Harmony-based GPT-5 models return malformed structured outputs (SDK ≥ 1.100.2)

Hi, OpenAI Support bot recommended me to share my findings in this community.

I’m getting random failures with malformed JSON when calling any GPT-5 model via client.beta.chat.completions.parse with a given response_format. Errors are sporadic, but the linked gist always ends up with an error before it finishes executing demo. Usually it happens after the model went through a few reasoning steps on a task (and collected a few messages in the conversation). But with base gpt-5, I’ve seen it to happen straight away as well.

Switching model to gpt-4o eliminates the problems completely.

The concrete exception message is: Invalid JSON: trailing characters at line 2 column 1 [type=json_invalid, input_value='{"current_state":"Need ``t...,"email":"elon@x.com``"}}', input_type=str]

Basically OpenAI logic concatenates multiple JSONs with a newline, resulting in a malformed JSON that fails pydantic parsing.

I think, the root cause is interplay between the new Harmony response format in gpt-5 models and Schema-Guided Reasoning that relies on response formats to drive reasoning through the predefined paths. This improves cognitive capabilities of smaller models in predefined tasks (used mostly by teams developing with local models), but seems to trigger an edge case in GPT-5 series.

Gist to reproduce the problem (it also contains example console output with a stack trace) is here: https://gist.github.com/abdullin/332b03de6b86a134eedbc2e4b8379736#file-error_output-txt-L54-L85

The issue has been independently reproduced in our community via this SGR Demo gist and its modifications.

Has anybody encountered the same issue before? How do you work around them?

Best,
Rinat

4 Likes

Update: I tried prepending following to the system prompt to disable reasoning and see if that helps. Still hitting malformed JSON.

Active channels: final
Disabled channels: analysis, commentary

2 Likes

Exact same issue here, with gpt-5-2025-08-07 on Azure OpenAI.

The LLM generates a json object twice on two different lines:

{“operation”:{“updates”:[truncated…]}}
{“operation”:{“updates”:[truncated…]}}

Which causes this error:

  File "/app/.venv/lib64/python3.12/site-packages/pydantic/main.py", line 746, in model_validate_json
    return cls.__pydantic_validator__.validate_json(
           ^^^^^^^^^^^^^^^^^^^^^^^^^^^^^^^^^^^^^^^^^
pydantic_core._pydantic_core.ValidationError: 1 validation error for Operation
  Invalid JSON: trailing characters at line 2 column 1 [type=json_invalid, input_value='{"operation":{"updates":...t intensities; and"}]}}', input_type=str]
    For further information visit https://errors.pydantic.dev/2.11/v/json_invalid

Using python openai 1.106.1

1 Like

@jm4875 Thanks for the report! This is the same behaviour that we get.

Is this caused by a plain SO prompt or are you using SGR/SO CoT or its equivalent to drive reasoning?

Basic structured output prompt, with some function calling.

Using chat completions API

1 Like

Thanks a lot, @jm4875 I’m glad to hear that the case is reproducible by multiple parties.

Have you seen any patterns on what can be causing this problem? Or ideas how to fix that?
Patching OpenAI SDK to detect and remove duplicate JSON feels to be hacky.

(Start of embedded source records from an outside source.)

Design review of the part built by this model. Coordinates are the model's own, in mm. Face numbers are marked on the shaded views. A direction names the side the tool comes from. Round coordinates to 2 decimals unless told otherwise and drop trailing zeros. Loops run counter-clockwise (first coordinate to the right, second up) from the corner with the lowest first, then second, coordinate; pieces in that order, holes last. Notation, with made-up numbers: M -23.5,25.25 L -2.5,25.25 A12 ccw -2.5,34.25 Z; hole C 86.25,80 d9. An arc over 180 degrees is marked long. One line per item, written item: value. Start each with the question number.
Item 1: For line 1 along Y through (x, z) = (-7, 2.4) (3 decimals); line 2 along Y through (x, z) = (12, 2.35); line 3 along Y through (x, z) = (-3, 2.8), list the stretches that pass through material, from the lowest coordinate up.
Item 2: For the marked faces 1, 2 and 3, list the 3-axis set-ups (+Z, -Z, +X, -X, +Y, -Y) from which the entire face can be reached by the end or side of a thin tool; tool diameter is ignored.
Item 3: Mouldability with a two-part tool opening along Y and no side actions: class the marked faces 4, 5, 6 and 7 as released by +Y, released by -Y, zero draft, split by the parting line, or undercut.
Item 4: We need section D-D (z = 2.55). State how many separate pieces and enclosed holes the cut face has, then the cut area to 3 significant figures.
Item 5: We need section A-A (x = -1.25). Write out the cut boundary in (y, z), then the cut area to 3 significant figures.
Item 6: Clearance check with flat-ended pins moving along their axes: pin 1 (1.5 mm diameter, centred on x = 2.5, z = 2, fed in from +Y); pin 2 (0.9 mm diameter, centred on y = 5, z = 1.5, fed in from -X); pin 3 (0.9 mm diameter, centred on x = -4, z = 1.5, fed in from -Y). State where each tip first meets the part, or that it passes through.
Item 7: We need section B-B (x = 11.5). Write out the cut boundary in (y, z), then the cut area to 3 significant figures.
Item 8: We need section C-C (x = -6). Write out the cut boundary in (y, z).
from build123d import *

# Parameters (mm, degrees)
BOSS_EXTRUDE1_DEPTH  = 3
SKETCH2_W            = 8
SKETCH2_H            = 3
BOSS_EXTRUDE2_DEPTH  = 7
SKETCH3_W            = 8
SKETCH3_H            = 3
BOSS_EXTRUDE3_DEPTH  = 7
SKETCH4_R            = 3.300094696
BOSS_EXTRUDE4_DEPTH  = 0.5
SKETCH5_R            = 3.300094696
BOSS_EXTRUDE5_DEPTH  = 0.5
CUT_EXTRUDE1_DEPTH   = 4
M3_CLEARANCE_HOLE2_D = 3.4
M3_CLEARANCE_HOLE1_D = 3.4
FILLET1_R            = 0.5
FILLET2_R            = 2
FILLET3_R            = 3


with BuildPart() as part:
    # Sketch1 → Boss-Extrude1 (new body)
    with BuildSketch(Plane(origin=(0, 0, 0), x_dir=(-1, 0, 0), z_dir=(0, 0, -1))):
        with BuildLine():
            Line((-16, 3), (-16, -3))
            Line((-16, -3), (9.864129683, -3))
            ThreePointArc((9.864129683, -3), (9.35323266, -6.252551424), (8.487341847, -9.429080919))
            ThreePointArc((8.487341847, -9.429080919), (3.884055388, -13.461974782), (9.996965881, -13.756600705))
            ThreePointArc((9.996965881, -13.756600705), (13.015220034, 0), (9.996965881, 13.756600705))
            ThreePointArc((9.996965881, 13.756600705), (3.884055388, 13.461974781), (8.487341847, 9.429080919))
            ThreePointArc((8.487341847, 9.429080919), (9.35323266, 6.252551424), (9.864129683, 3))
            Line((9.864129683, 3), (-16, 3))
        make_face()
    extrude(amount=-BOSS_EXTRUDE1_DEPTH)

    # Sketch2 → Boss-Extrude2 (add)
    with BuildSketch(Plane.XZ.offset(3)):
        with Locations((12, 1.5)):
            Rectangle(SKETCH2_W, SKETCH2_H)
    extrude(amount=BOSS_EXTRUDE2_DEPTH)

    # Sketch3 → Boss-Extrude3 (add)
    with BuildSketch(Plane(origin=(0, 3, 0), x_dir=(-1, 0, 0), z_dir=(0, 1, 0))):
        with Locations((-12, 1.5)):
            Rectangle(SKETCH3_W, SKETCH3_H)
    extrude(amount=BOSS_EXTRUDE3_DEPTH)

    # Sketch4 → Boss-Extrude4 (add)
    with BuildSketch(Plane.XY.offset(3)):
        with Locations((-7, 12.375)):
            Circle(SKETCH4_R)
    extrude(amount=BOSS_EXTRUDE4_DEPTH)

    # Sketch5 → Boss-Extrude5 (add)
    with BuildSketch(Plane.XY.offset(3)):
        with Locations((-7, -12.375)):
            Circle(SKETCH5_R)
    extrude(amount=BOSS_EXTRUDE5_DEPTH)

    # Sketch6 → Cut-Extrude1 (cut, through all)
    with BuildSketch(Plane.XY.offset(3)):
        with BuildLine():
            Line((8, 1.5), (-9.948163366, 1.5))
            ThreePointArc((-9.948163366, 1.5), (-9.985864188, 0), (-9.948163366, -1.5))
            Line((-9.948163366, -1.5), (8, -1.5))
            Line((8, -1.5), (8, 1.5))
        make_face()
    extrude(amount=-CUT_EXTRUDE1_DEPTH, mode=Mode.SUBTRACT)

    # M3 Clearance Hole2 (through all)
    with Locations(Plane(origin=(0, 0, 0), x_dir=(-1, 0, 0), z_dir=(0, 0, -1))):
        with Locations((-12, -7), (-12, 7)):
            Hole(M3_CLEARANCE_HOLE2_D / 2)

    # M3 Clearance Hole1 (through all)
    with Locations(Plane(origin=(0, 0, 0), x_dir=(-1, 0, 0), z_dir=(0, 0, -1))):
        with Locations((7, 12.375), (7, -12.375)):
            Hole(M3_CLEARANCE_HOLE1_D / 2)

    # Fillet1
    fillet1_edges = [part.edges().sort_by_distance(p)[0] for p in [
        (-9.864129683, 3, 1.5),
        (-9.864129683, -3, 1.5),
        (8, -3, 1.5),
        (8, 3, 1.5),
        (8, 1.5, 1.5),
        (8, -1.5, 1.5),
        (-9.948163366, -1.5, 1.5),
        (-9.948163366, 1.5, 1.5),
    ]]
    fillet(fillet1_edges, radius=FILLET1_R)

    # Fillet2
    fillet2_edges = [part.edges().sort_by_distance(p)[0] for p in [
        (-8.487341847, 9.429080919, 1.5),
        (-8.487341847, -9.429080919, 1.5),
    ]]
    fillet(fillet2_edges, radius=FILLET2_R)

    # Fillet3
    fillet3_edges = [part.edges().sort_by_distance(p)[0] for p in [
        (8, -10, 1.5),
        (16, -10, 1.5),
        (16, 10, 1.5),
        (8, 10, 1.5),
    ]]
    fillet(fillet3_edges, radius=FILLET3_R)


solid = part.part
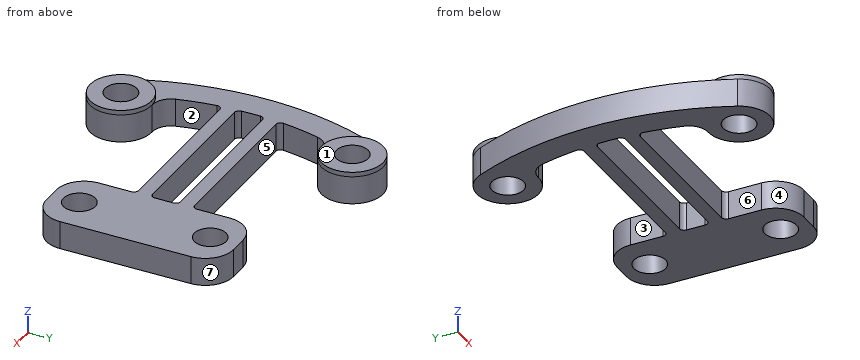
A:
1. line 1: -15.675 to -14.075, -10.675 to -9.075, -3 to -1.5, 1.5 to 3, 9.075 to 10.675, 14.075 to 15.675
1. line 2: -10 to -8.7, -5.3 to 5.3, 8.7 to 10
1. line 3: -3 to -1.5, 1.5 to 3
2. face 1: +Z, +X, -X, +Y, -Y
2. face 2: +Z, -Z
2. face 3: +Z, -Z, +Y
3. face 4: released by -Y
3. face 5: undercut
3. face 6: zero draft
3. face 7: released by +Y
4. separate pieces: 1
4. enclosed holes: 5
4. area: 306 mm2
5. outline: M -3,0 L -1.5,0 L -1.5,3 L -3,3 Z; M 1.5,0 L 3,0 L 3,3 L 1.5,3 Z
5. area: 9.00 mm2
6. pin 1: y = 3
6. pin 2: x = -12.7
6. pin 3: y = -14.47
7. outline: M -10,0 L -8.62,0 L -8.62,3 L -10,3 Z; M -5.38,0 L 5.38,0 L 5.38,3 L -5.38,3 Z; M 8.62,0 L 10,0 L 10,3 L 8.62,3 Z
7. area: 40.5 mm2
8. outline: M -15.52,0 L -13.75,0 L -13.75,3.5 L -15.52,3.5 Z; M -11,0 L -9.23,0 L -9.23,3.5 L -11,3.5 Z; M -3,0 L -1.5,0 L -1.5,3 L -3,3 Z; M 1.5,0 L 3,0 L 3,3 L 1.5,3 Z; M 9.23,0 L 11,0 L 11,3.5 L 9.23,3.5 Z; M 13.75,0 L 15.52,0 L 15.52,3.5 L 13.75,3.5 Z

Appears when using gpt5 + function calling

No idea how to fix. I improved the prompting and I’ll see in the next few days if it’s better…

Yes one way to fix that would be to post-processed the openai json text completion, and call .model_validate_json() ourselves

1 Like

I just got a report that the issue still persists on Microsoft Azure OpenAI with gpt-5-mini.

It is caused by JSON duplication.

If this happens, the hack is to intercept OpenAI responses within the SDK before the parsing (e.g. with httpx interceptor) and remove second duplicate line.